*** Opening of EXCERPTED DATA ***

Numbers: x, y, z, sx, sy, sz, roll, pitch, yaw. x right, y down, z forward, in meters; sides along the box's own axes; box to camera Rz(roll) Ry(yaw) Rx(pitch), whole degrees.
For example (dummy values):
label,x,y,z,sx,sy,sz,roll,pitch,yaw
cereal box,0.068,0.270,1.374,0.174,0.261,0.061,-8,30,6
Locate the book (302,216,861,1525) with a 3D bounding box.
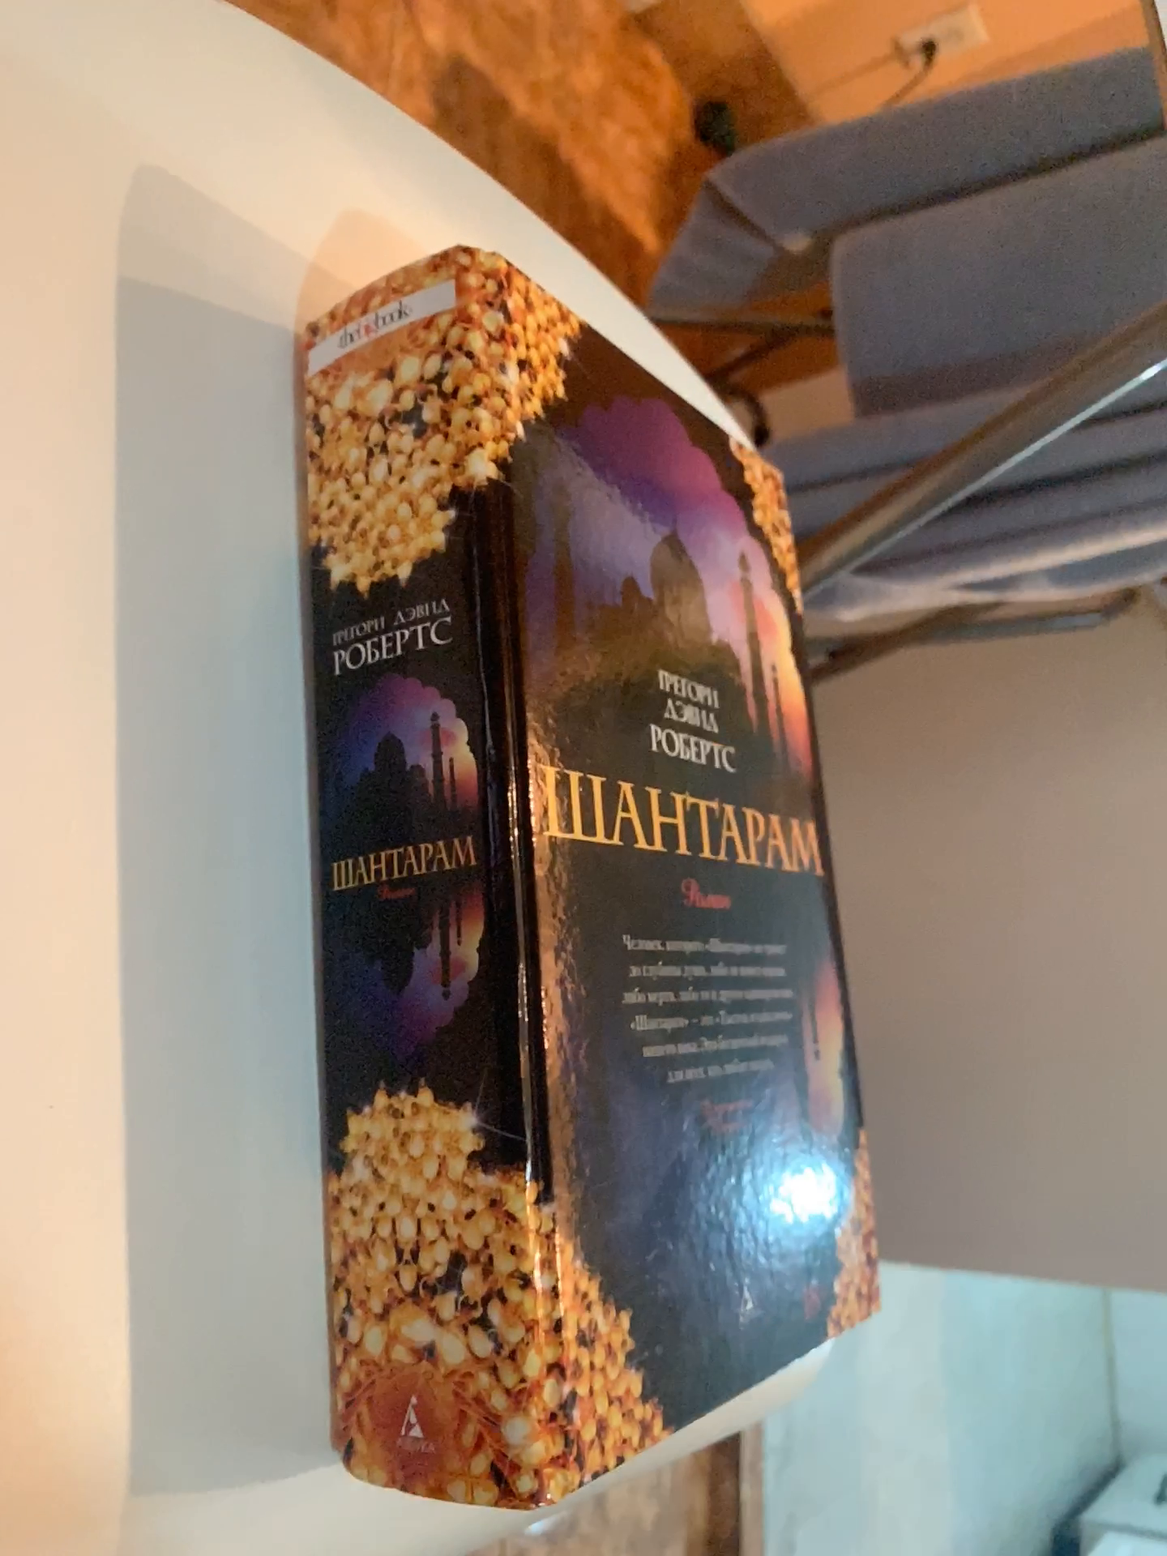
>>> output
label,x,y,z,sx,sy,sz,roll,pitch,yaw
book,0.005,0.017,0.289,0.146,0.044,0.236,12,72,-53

*** Close of EXCERPTED DATA ***
*** Opening of EXCERPTED DATA ***

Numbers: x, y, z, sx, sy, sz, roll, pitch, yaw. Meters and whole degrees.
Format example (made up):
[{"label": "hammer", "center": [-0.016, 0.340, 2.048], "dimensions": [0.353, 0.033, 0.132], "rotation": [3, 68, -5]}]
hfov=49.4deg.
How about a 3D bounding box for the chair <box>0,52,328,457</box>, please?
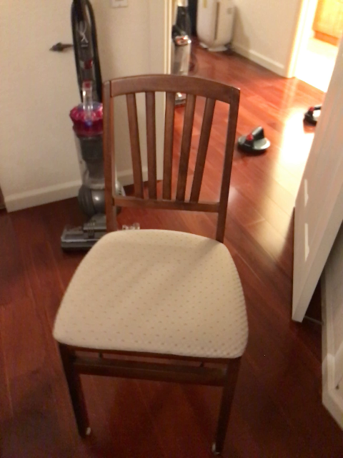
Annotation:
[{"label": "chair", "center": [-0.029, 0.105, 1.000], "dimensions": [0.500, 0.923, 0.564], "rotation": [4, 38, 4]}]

*** Close of EXCERPTED DATA ***

• WHAT YOU ARE ASKED TO DO: Once you have checked every line of the material above, return the ones that hold the string "whole".

• ANSWER TO THIS EXERCISE:
Numbers: x, y, z, sx, sy, sz, roll, pitch, yaw. x right, y down, z forward, in meters; sides along the box's own axes; box to camera Rz(roll) Ry(yaw) Rx(pitch), whole degrees.
Numbers: x, y, z, sx, sy, sz, roll, pitch, yaw. Meters and whole degrees.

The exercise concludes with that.